INSTRUCTIONS FOR THE TASK -> Across the whole listing, find how many lines contain "Console", then write that number and nothing else.

DATA LISTING ->
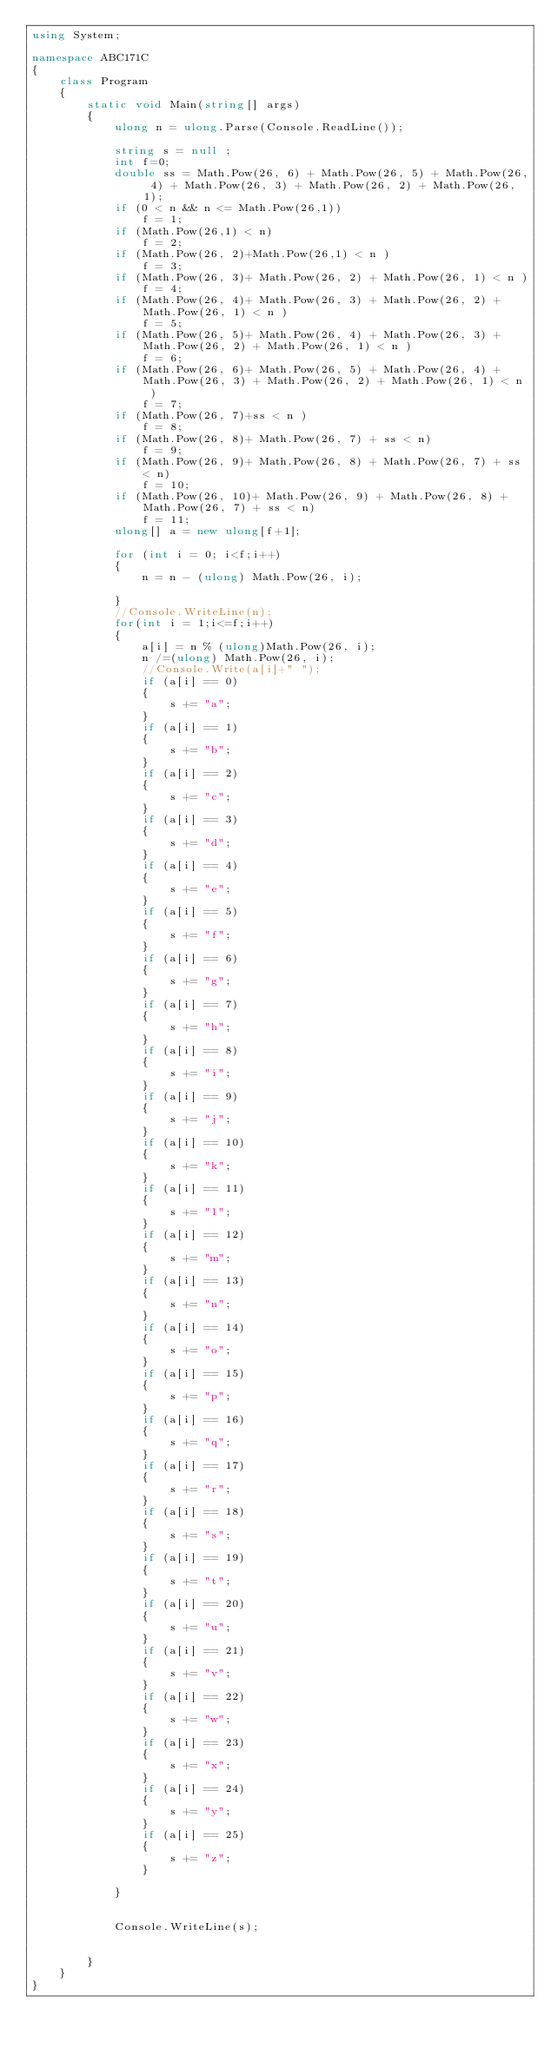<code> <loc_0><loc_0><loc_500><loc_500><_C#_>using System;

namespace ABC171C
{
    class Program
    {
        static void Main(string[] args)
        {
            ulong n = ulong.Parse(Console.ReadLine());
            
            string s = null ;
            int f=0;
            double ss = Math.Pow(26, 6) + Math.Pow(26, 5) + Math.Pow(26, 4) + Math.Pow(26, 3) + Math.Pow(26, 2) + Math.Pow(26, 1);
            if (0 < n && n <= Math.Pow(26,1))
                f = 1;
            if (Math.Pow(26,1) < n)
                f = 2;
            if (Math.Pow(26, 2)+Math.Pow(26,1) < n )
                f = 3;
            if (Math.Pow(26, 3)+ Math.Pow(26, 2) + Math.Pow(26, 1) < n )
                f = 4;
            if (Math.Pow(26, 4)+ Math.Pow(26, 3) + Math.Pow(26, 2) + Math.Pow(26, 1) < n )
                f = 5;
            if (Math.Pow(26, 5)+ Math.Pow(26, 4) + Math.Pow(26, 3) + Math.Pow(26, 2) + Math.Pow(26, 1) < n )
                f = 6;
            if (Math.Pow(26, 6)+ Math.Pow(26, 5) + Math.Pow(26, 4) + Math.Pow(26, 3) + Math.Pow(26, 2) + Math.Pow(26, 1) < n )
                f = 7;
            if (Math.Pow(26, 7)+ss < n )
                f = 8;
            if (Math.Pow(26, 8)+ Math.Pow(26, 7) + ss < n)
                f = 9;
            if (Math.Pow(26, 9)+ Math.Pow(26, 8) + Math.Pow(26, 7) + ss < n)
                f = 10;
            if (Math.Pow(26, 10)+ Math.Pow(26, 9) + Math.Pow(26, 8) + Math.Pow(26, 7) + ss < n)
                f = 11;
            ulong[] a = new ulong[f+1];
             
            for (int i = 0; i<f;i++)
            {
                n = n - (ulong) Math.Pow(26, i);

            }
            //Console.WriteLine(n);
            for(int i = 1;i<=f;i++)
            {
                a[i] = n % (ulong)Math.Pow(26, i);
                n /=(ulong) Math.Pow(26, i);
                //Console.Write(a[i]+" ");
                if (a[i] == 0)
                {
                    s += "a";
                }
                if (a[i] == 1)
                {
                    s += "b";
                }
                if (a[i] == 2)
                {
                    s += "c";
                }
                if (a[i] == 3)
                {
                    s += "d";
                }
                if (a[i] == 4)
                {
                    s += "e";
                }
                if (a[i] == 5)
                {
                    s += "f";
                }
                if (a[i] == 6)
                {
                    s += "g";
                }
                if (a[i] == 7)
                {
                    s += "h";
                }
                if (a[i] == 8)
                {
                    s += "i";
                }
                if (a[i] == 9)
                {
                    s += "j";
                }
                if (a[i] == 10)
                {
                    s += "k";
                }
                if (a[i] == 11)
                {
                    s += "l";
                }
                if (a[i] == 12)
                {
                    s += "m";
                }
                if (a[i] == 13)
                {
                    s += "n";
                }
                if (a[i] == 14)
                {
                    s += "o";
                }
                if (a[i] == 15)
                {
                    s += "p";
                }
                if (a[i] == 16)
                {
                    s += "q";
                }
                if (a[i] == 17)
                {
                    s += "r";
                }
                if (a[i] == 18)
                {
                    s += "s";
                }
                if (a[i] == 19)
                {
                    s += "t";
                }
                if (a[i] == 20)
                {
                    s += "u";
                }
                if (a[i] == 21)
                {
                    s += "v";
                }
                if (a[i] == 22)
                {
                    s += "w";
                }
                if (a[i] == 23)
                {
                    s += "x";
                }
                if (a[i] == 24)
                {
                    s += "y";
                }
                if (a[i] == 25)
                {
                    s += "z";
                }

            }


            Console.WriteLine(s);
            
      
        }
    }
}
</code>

YOUR SOLUTION -> 4